Brief:
Repeat the records word for word, excluding any picture.

Records for the task:

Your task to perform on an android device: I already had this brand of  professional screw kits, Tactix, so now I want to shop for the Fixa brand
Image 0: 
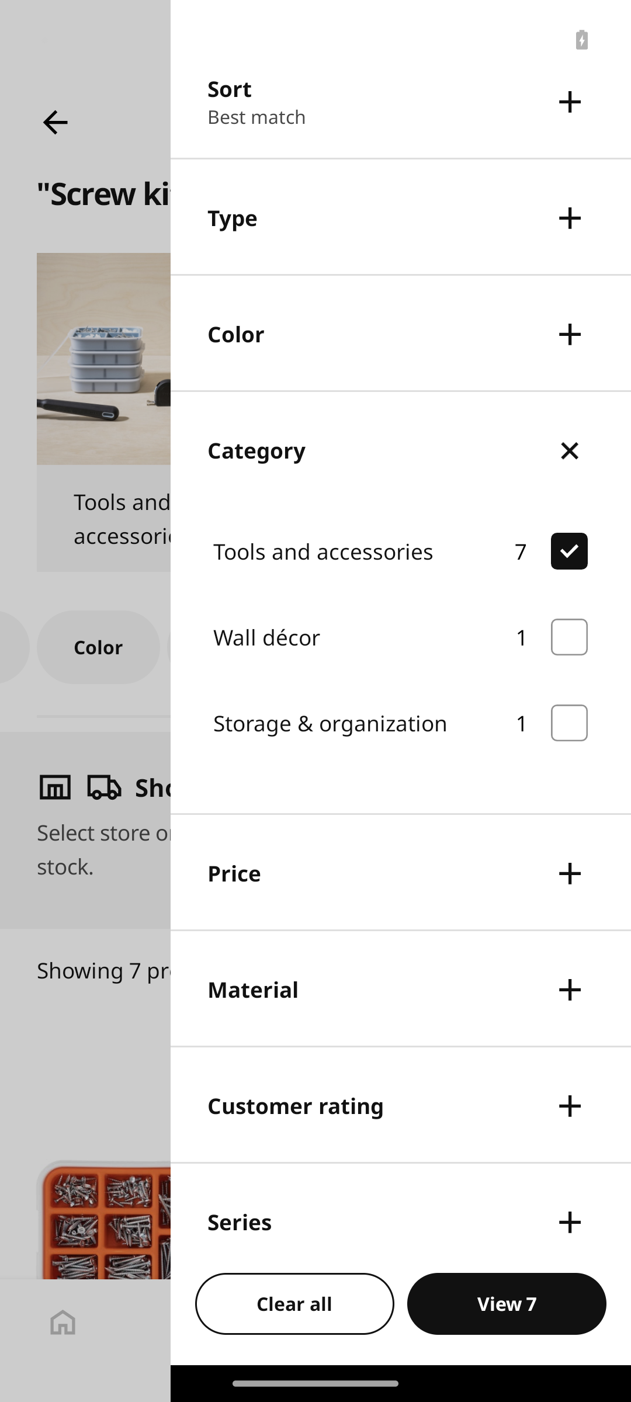
Click on the series option
Step 0: click (570, 1214)
Image 1: 
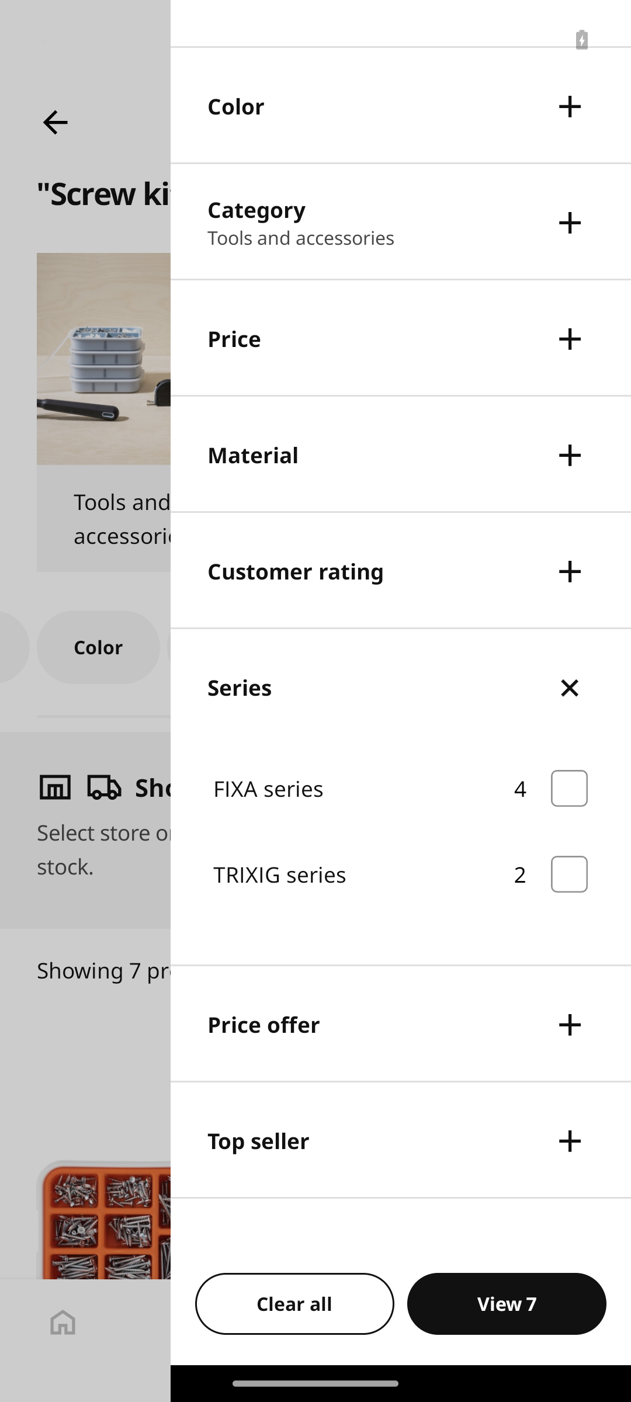
Click on the Fixa series option 
Step 1: click (564, 775)

Task solution:
Your task to perform on an android device: I already had this brand of  professional screw kits, Tactix, so now I want to shop for the Fixa brand
Image 0: 
Click on the series option
Step 0: click (570, 1214)
Image 1: 
Click on the Fixa series option 
Step 1: click (564, 775)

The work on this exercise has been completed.